<<<<

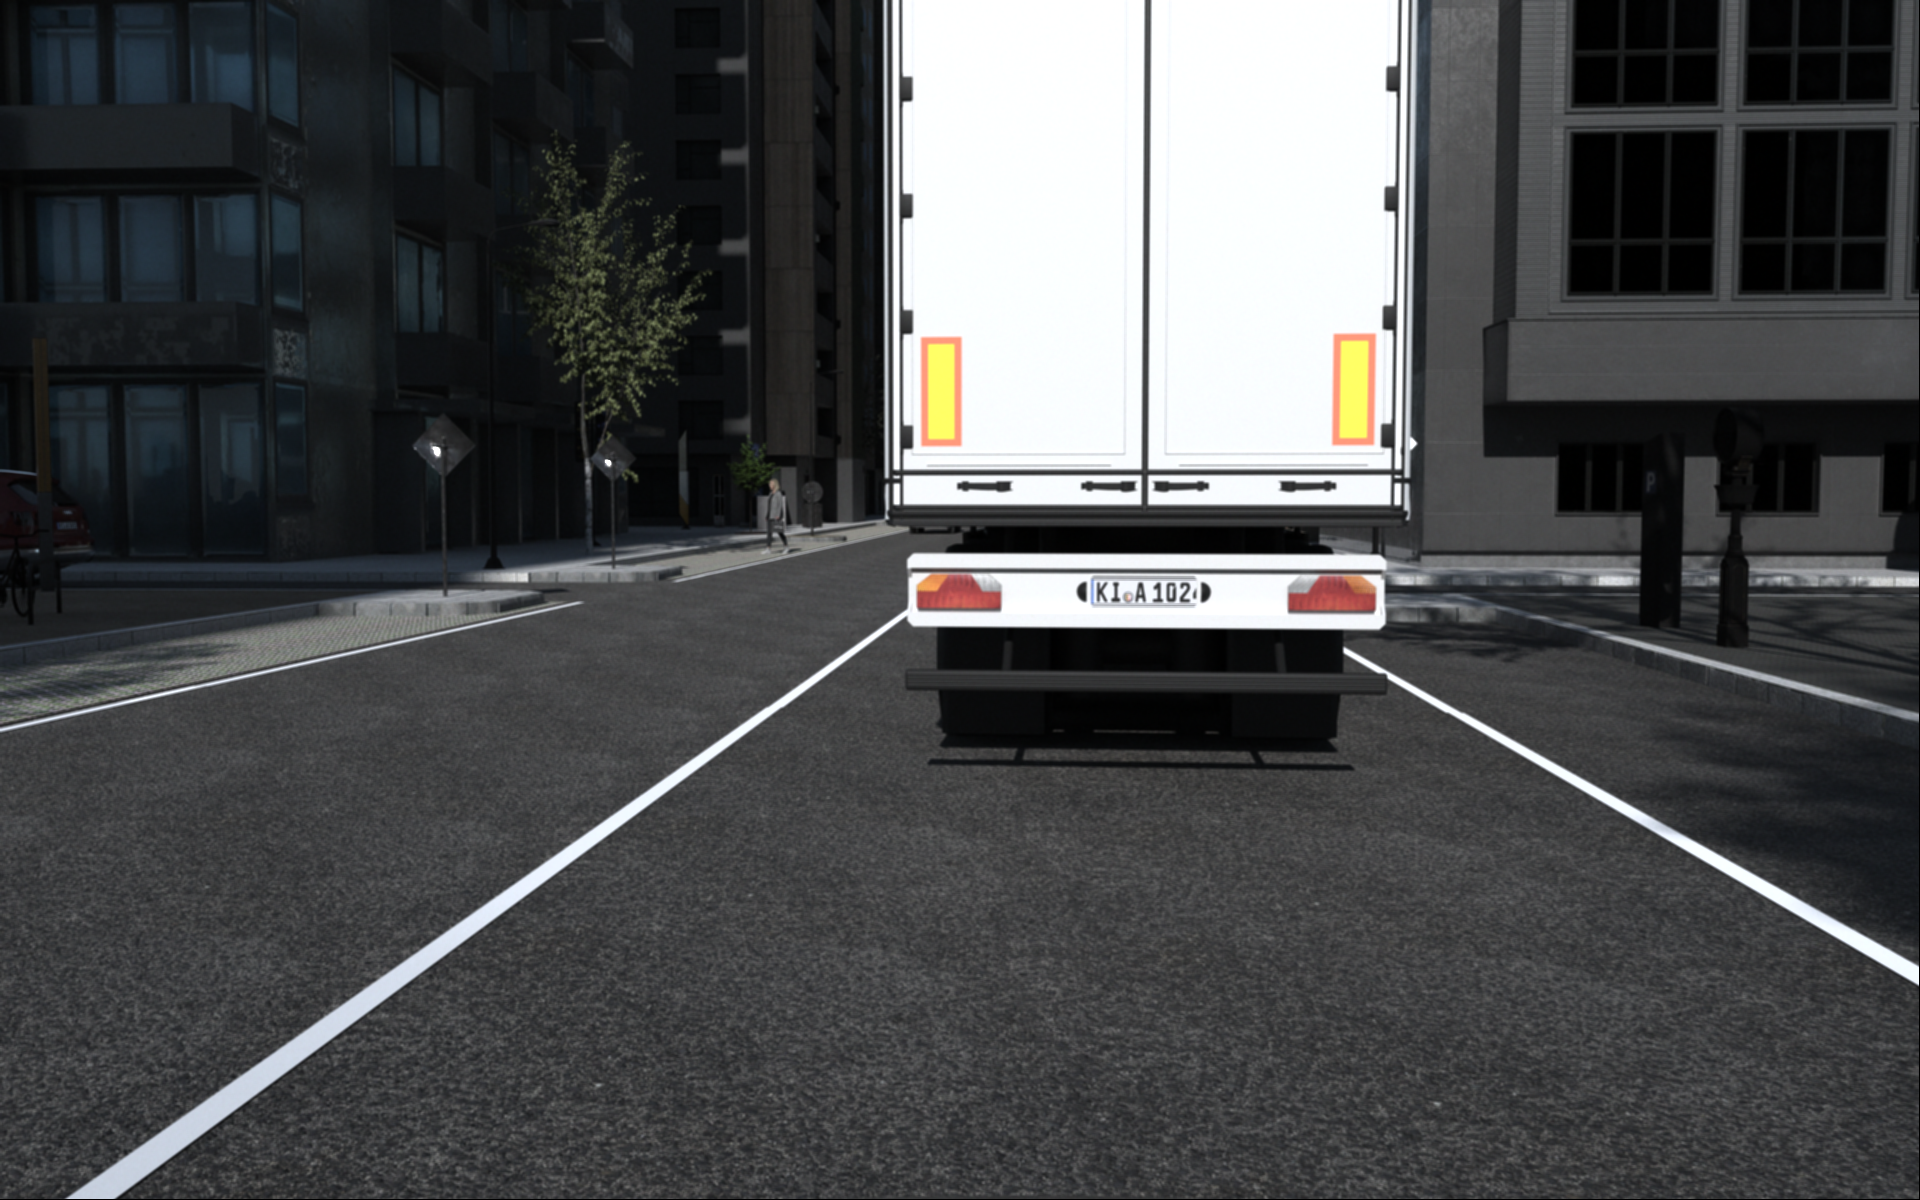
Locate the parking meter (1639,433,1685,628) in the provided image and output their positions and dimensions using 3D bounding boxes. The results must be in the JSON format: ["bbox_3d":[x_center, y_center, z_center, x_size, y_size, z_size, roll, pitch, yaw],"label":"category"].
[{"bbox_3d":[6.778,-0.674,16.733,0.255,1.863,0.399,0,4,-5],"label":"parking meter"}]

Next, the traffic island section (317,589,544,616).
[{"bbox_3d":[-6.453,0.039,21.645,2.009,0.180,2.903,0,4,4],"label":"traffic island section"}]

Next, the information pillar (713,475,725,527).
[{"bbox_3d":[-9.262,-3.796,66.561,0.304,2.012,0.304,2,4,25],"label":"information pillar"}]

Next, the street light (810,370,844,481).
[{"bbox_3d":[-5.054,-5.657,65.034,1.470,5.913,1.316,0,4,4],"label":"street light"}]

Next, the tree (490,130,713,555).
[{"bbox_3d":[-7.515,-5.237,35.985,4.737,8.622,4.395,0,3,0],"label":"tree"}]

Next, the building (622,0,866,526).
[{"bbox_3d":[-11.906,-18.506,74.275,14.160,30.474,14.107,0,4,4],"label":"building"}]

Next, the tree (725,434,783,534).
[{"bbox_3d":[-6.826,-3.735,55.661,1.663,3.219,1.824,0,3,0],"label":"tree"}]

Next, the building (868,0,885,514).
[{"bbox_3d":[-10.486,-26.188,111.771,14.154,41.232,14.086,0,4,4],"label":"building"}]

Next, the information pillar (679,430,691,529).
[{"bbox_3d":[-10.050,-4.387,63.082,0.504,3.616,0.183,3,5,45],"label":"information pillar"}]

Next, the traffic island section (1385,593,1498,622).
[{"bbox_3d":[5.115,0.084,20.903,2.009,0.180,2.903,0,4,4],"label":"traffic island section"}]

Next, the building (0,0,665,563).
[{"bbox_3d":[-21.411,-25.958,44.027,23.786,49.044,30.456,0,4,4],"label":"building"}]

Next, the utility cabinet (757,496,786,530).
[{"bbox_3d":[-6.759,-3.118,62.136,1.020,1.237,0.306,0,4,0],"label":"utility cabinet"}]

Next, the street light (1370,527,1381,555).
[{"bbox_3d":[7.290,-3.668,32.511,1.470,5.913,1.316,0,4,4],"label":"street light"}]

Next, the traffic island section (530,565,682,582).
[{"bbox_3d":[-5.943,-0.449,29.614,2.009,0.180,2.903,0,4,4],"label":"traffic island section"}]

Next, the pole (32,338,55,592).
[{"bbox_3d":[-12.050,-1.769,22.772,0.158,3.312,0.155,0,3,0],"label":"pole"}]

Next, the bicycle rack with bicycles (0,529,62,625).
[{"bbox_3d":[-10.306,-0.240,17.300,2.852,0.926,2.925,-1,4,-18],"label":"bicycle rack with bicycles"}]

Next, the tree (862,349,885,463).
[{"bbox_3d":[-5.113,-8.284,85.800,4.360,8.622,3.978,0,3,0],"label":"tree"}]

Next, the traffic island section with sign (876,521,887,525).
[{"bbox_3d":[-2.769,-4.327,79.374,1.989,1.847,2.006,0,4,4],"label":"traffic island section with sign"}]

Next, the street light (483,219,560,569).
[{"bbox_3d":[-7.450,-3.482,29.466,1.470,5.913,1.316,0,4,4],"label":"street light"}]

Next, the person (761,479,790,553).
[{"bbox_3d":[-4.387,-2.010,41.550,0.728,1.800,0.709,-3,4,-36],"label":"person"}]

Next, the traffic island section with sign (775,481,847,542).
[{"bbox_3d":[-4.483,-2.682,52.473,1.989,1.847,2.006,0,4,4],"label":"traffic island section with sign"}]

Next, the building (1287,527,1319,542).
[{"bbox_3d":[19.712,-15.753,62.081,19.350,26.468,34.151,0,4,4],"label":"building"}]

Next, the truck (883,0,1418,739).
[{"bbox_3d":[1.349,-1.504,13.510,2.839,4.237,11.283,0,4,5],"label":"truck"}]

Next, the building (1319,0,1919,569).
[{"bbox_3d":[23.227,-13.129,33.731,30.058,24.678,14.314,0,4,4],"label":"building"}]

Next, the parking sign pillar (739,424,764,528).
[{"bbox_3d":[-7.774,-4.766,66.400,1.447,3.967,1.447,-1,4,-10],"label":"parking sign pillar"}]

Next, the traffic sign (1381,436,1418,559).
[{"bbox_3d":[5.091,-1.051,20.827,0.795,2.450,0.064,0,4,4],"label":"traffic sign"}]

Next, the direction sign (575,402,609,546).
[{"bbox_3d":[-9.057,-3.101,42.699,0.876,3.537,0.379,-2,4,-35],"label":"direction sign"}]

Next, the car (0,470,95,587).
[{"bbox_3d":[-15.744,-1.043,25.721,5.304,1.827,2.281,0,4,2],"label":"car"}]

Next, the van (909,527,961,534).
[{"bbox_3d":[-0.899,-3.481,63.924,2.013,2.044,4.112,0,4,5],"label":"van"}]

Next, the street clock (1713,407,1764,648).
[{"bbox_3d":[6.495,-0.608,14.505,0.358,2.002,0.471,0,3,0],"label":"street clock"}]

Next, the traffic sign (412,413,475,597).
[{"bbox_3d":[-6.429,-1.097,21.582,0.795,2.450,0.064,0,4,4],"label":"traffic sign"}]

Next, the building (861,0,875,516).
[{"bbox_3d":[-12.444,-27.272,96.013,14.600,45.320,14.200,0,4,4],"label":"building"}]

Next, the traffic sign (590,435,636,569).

>>>>

(The task): Please retype the data exactly, but do not carry over any picture.

(Task result):
Locate the parking meter (1639,433,1685,628) in the provided image and output their positions and dimensions using 3D bounding boxes. The results must be in the JSON format: ["bbox_3d":[x_center, y_center, z_center, x_size, y_size, z_size, roll, pitch, yaw],"label":"category"].
[{"bbox_3d":[6.778,-0.674,16.733,0.255,1.863,0.399,0,4,-5],"label":"parking meter"}]

Next, the traffic island section (317,589,544,616).
[{"bbox_3d":[-6.453,0.039,21.645,2.009,0.180,2.903,0,4,4],"label":"traffic island section"}]

Next, the information pillar (713,475,725,527).
[{"bbox_3d":[-9.262,-3.796,66.561,0.304,2.012,0.304,2,4,25],"label":"information pillar"}]

Next, the street light (810,370,844,481).
[{"bbox_3d":[-5.054,-5.657,65.034,1.470,5.913,1.316,0,4,4],"label":"street light"}]

Next, the tree (490,130,713,555).
[{"bbox_3d":[-7.515,-5.237,35.985,4.737,8.622,4.395,0,3,0],"label":"tree"}]

Next, the building (622,0,866,526).
[{"bbox_3d":[-11.906,-18.506,74.275,14.160,30.474,14.107,0,4,4],"label":"building"}]

Next, the tree (725,434,783,534).
[{"bbox_3d":[-6.826,-3.735,55.661,1.663,3.219,1.824,0,3,0],"label":"tree"}]

Next, the building (868,0,885,514).
[{"bbox_3d":[-10.486,-26.188,111.771,14.154,41.232,14.086,0,4,4],"label":"building"}]

Next, the information pillar (679,430,691,529).
[{"bbox_3d":[-10.050,-4.387,63.082,0.504,3.616,0.183,3,5,45],"label":"information pillar"}]

Next, the traffic island section (1385,593,1498,622).
[{"bbox_3d":[5.115,0.084,20.903,2.009,0.180,2.903,0,4,4],"label":"traffic island section"}]

Next, the building (0,0,665,563).
[{"bbox_3d":[-21.411,-25.958,44.027,23.786,49.044,30.456,0,4,4],"label":"building"}]

Next, the utility cabinet (757,496,786,530).
[{"bbox_3d":[-6.759,-3.118,62.136,1.020,1.237,0.306,0,4,0],"label":"utility cabinet"}]

Next, the street light (1370,527,1381,555).
[{"bbox_3d":[7.290,-3.668,32.511,1.470,5.913,1.316,0,4,4],"label":"street light"}]

Next, the traffic island section (530,565,682,582).
[{"bbox_3d":[-5.943,-0.449,29.614,2.009,0.180,2.903,0,4,4],"label":"traffic island section"}]

Next, the pole (32,338,55,592).
[{"bbox_3d":[-12.050,-1.769,22.772,0.158,3.312,0.155,0,3,0],"label":"pole"}]

Next, the bicycle rack with bicycles (0,529,62,625).
[{"bbox_3d":[-10.306,-0.240,17.300,2.852,0.926,2.925,-1,4,-18],"label":"bicycle rack with bicycles"}]

Next, the tree (862,349,885,463).
[{"bbox_3d":[-5.113,-8.284,85.800,4.360,8.622,3.978,0,3,0],"label":"tree"}]

Next, the traffic island section with sign (876,521,887,525).
[{"bbox_3d":[-2.769,-4.327,79.374,1.989,1.847,2.006,0,4,4],"label":"traffic island section with sign"}]

Next, the street light (483,219,560,569).
[{"bbox_3d":[-7.450,-3.482,29.466,1.470,5.913,1.316,0,4,4],"label":"street light"}]

Next, the person (761,479,790,553).
[{"bbox_3d":[-4.387,-2.010,41.550,0.728,1.800,0.709,-3,4,-36],"label":"person"}]

Next, the traffic island section with sign (775,481,847,542).
[{"bbox_3d":[-4.483,-2.682,52.473,1.989,1.847,2.006,0,4,4],"label":"traffic island section with sign"}]

Next, the building (1287,527,1319,542).
[{"bbox_3d":[19.712,-15.753,62.081,19.350,26.468,34.151,0,4,4],"label":"building"}]

Next, the truck (883,0,1418,739).
[{"bbox_3d":[1.349,-1.504,13.510,2.839,4.237,11.283,0,4,5],"label":"truck"}]

Next, the building (1319,0,1919,569).
[{"bbox_3d":[23.227,-13.129,33.731,30.058,24.678,14.314,0,4,4],"label":"building"}]

Next, the parking sign pillar (739,424,764,528).
[{"bbox_3d":[-7.774,-4.766,66.400,1.447,3.967,1.447,-1,4,-10],"label":"parking sign pillar"}]

Next, the traffic sign (1381,436,1418,559).
[{"bbox_3d":[5.091,-1.051,20.827,0.795,2.450,0.064,0,4,4],"label":"traffic sign"}]

Next, the direction sign (575,402,609,546).
[{"bbox_3d":[-9.057,-3.101,42.699,0.876,3.537,0.379,-2,4,-35],"label":"direction sign"}]

Next, the car (0,470,95,587).
[{"bbox_3d":[-15.744,-1.043,25.721,5.304,1.827,2.281,0,4,2],"label":"car"}]

Next, the van (909,527,961,534).
[{"bbox_3d":[-0.899,-3.481,63.924,2.013,2.044,4.112,0,4,5],"label":"van"}]

Next, the street clock (1713,407,1764,648).
[{"bbox_3d":[6.495,-0.608,14.505,0.358,2.002,0.471,0,3,0],"label":"street clock"}]

Next, the traffic sign (412,413,475,597).
[{"bbox_3d":[-6.429,-1.097,21.582,0.795,2.450,0.064,0,4,4],"label":"traffic sign"}]

Next, the building (861,0,875,516).
[{"bbox_3d":[-12.444,-27.272,96.013,14.600,45.320,14.200,0,4,4],"label":"building"}]

Next, the traffic sign (590,435,636,569).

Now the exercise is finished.